The following problem is from both the 2012 AMC 12A #13 and 2012 AMC 10A #19, so both problems redirect to this page.

Problem 19

Paula the painter and her two helpers each paint at constant, but different, rates. They always start at 8:00 AM, and all three always take the same amount of time to eat lunch. On Monday the three of them painted 50% of a house, quitting at 4:00 PM. On Tuesday, when Paula wasn't there, the two helpers painted only 24% of the house and quit at 2:12 PM. On Wednesday Paula worked by herself and finished the house by working until 7:12 P.M. How long, in minutes, was each day's lunch break?

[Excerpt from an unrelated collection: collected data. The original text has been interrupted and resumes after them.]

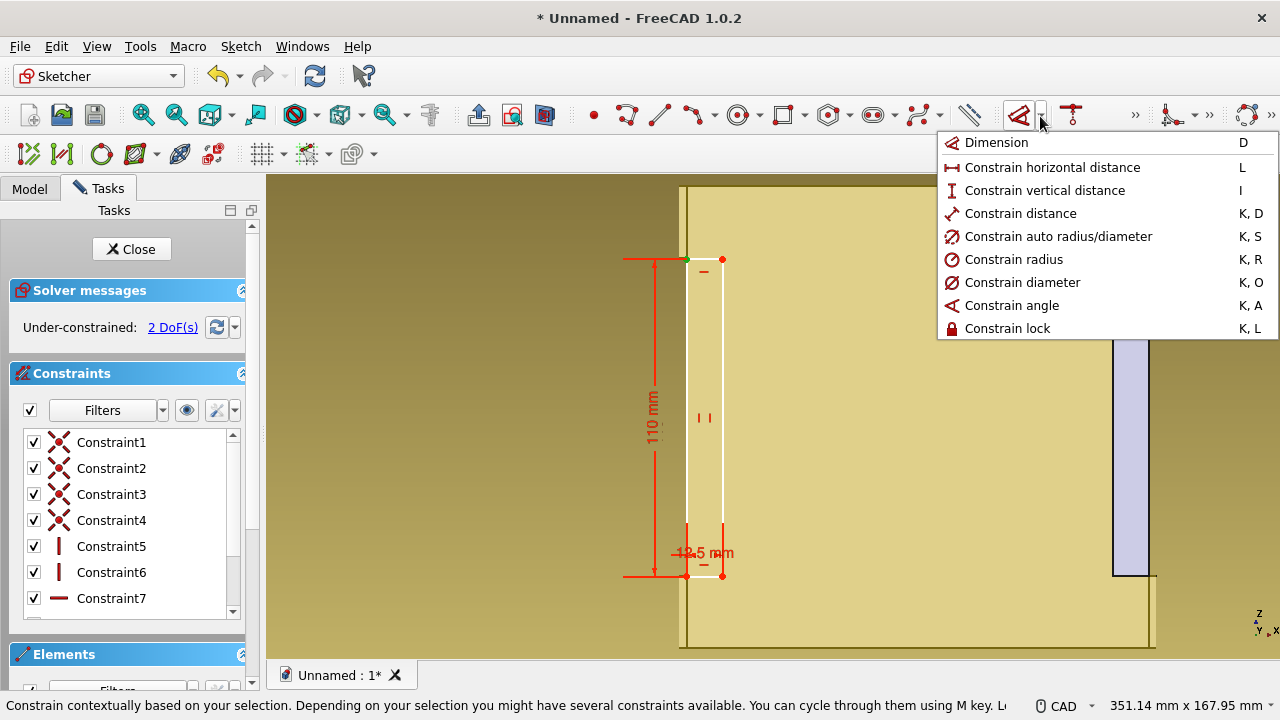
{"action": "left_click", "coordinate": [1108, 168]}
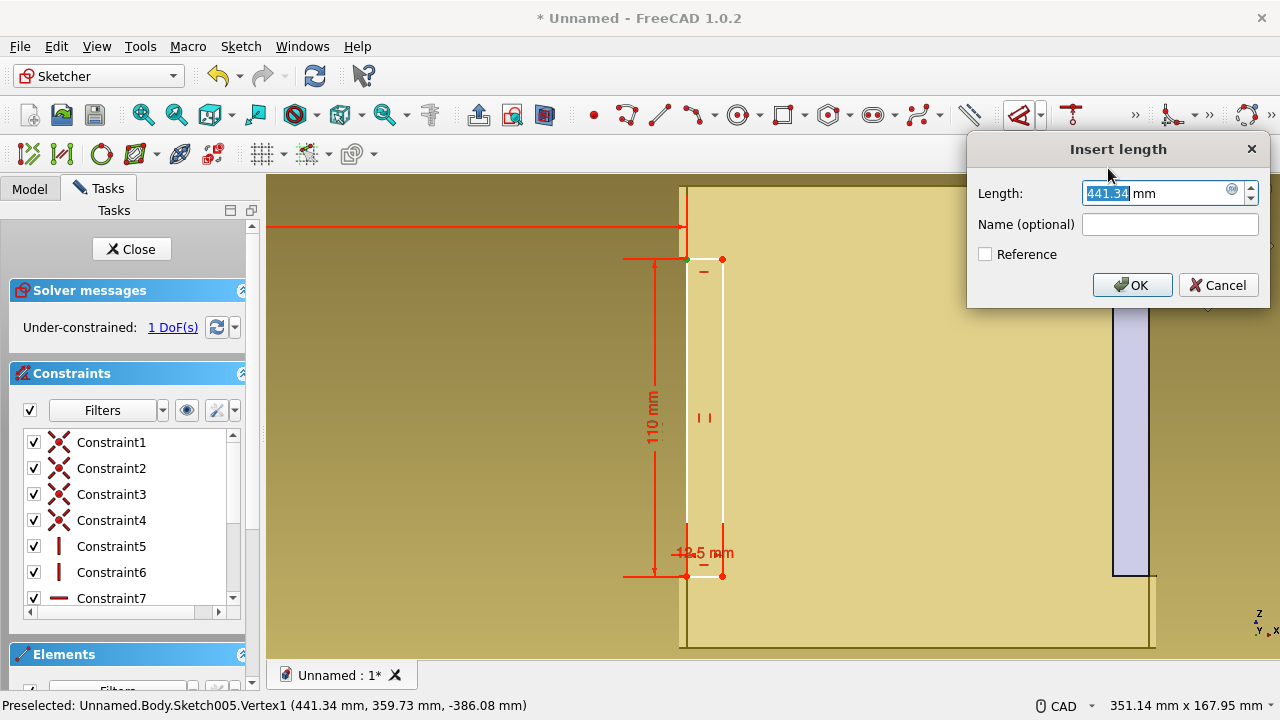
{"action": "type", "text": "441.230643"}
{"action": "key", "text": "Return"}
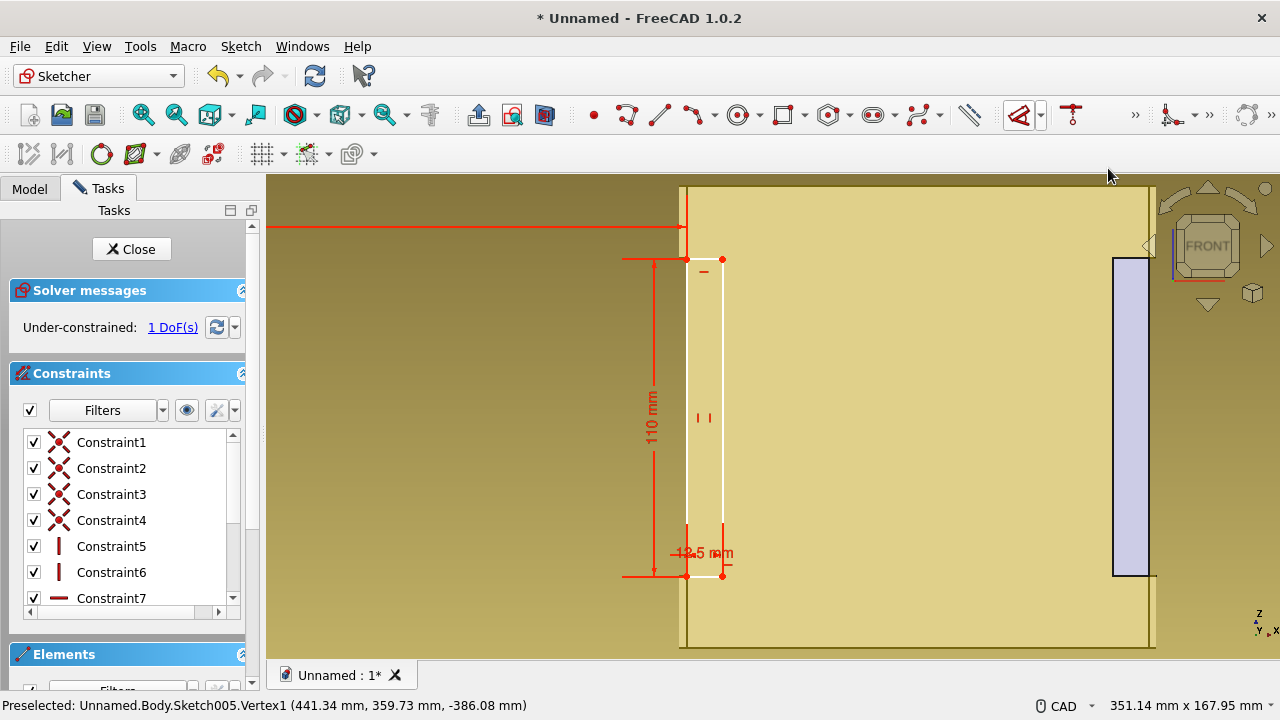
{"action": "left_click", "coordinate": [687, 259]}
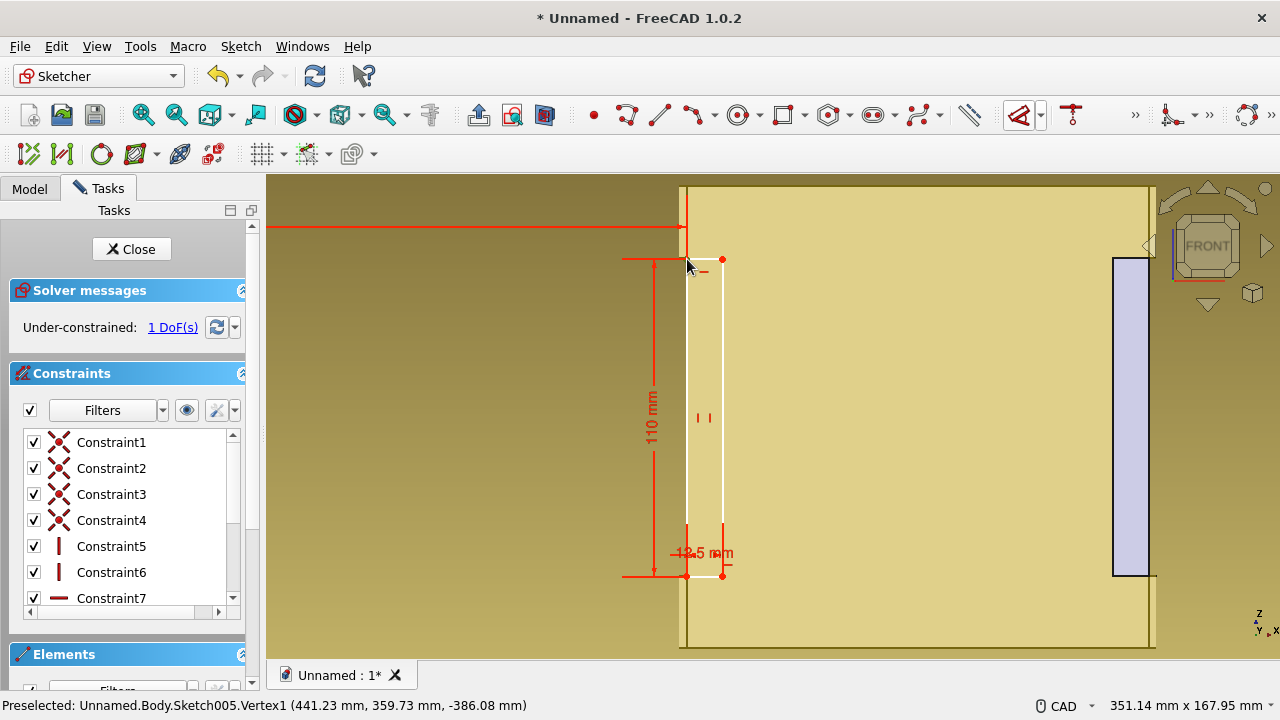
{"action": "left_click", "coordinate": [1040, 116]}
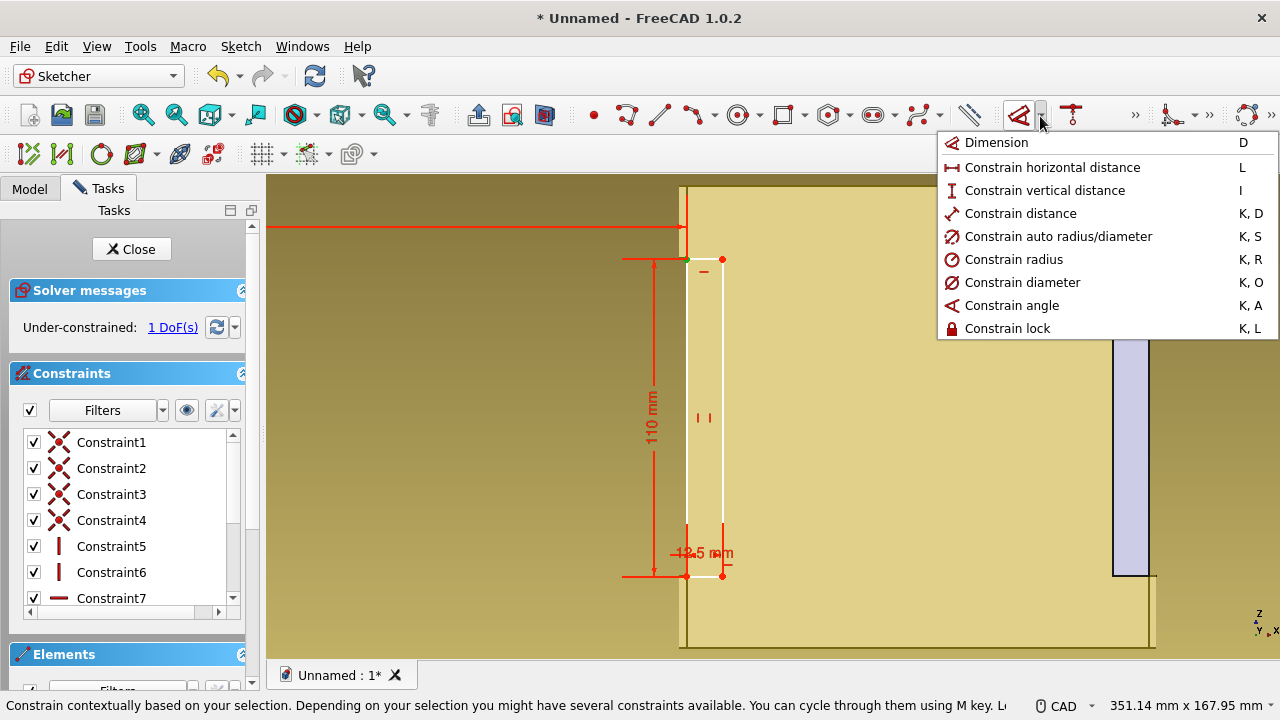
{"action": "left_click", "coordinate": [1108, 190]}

$\textbf{(A)}\ 30\qquad\textbf{(B)}\ 36\qquad\textbf{(C)}\ 42\qquad\textbf{(D)}\ 48\qquad\textbf{(E)}\ 60$

Solution

Let Paula work at a rate of $p$, the two helpers work at a combined rate of $h$, and the time it takes to eat lunch be $L$, where $p$ and $h$ are in house/hours and L is in hours. Then the labor on Monday, Tuesday, and Wednesday can be represented by the three following equations:

$$(8-L)(p+h)=.50$$

$$(6.2-L)h=.24$$

$$(11.2-L)p=.26$$

With three equations and three variables, we need to find the value of $L$. Adding the second and third equations together gives us $6.2h+11.2p-L(p+h)=.50$. Subtracting the first equation from this new one gives us $-1.8h+3.2p=0$, so we get $h=\frac{16}{9}p$. Plugging into the second equation:

$$(6.2-L)\frac{16}{9}p=.24$$ $$(6.2-L)p=\frac{27}{200}$$

We can then subtract this from the third equation:

$$5p=.26-\frac{27}{200}$$ $$p=\frac{1}{40}$$ Plugging $p$ into our third equation gives: $$L=\frac{4}{5}$$

Converting $L$ from hours to minutes gives us $L=48$ minutes, which is $\boxed{\textbf{(D)}\ 48}$.

See Also

 2012 AMC 10A (Problems • Answer Key • Resources) Preceded byProblem 18 Followed byProblem 20 1 • 2 • 3 • 4 • 5 • 6 • 7 • 8 • 9 • 10 • 11 • 12 • 13 • 14 • 15 • 16 • 17 • 18 • 19 • 20 • 21 • 22 • 23 • 24 • 25 All AMC 10 Problems and Solutions
 2012 AMC 12A (Problems • Answer Key • Resources) Preceded byProblem 12 Followed byProblem 14 1 • 2 • 3 • 4 • 5 • 6 • 7 • 8 • 9 • 10 • 11 • 12 • 13 • 14 • 15 • 16 • 17 • 18 • 19 • 20 • 21 • 22 • 23 • 24 • 25 All AMC 12 Problems and Solutions

The problems on this page are copyrighted by the Mathematical Association of America's American Mathematics Competitions.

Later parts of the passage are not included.